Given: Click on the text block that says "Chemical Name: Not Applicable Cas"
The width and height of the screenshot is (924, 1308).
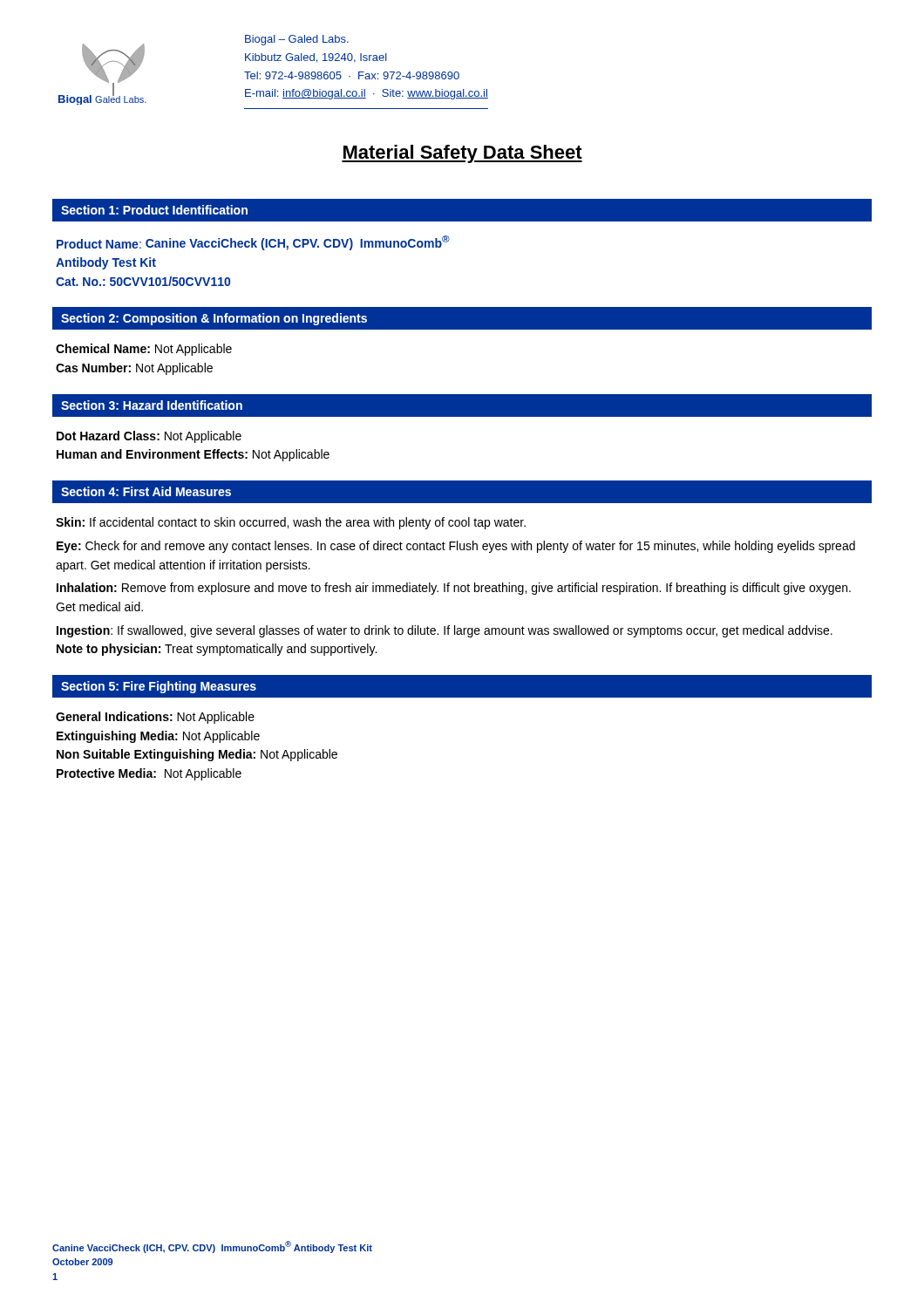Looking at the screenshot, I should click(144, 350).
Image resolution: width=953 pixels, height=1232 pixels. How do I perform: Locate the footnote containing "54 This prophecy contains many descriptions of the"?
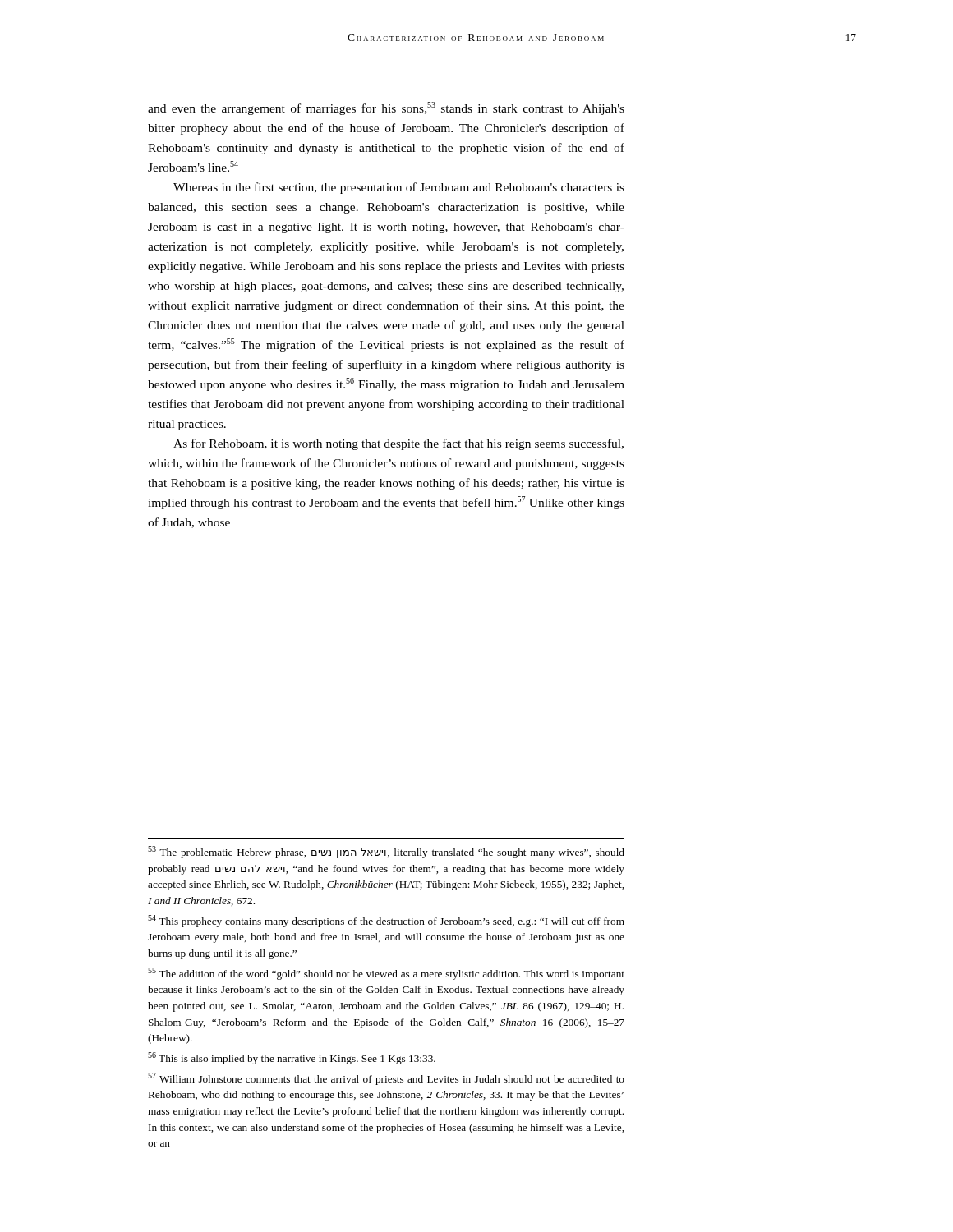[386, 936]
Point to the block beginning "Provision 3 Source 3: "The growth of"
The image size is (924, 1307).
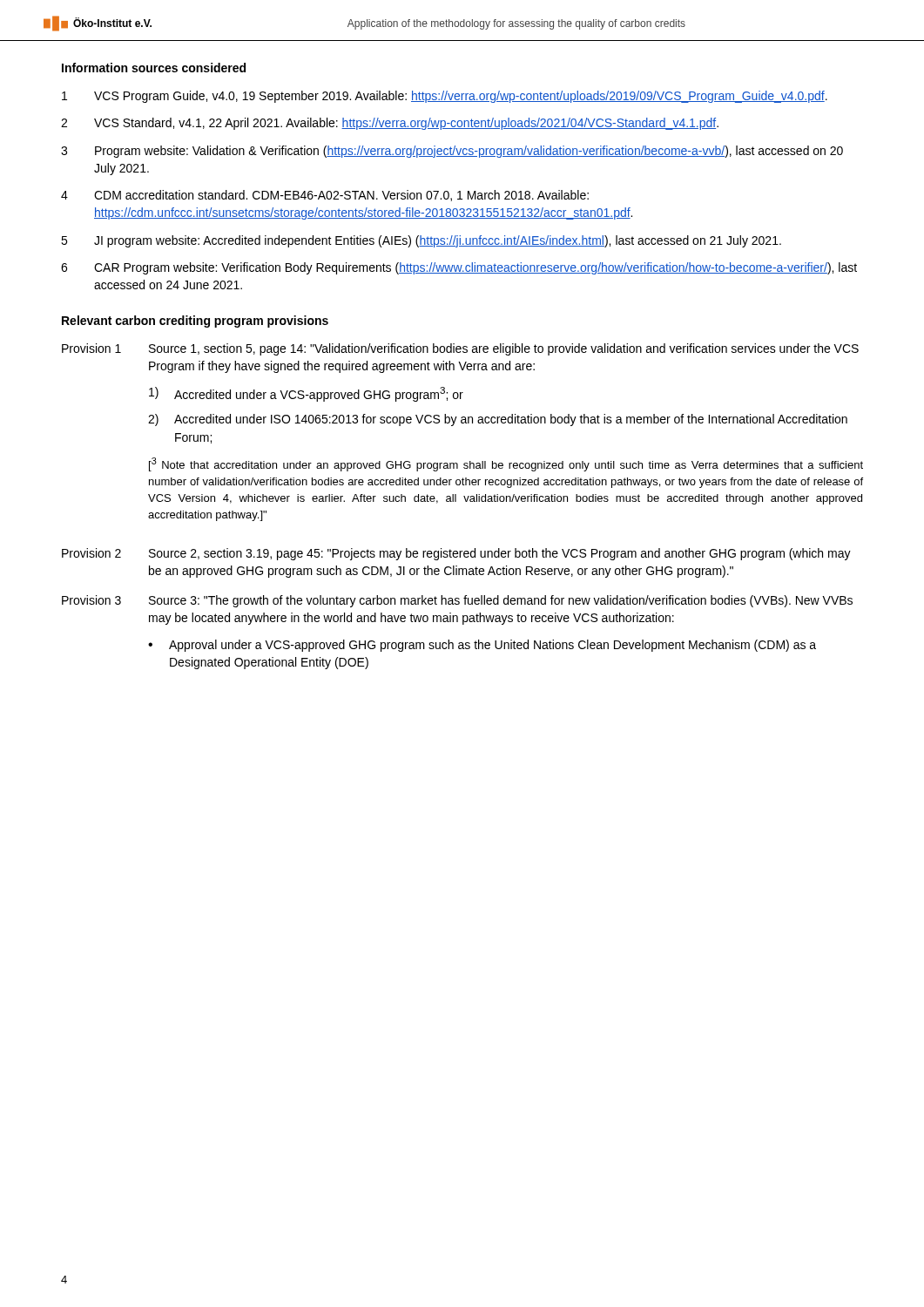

> What the task requires
Please repeat exactly the lines from the one containing "Point to the" through the last line of the records, both included, and leave out the pictures.

> Response to this exercise
Point to the block beginning "Provision 3 Source 3: "The growth of"
The image size is (924, 1307).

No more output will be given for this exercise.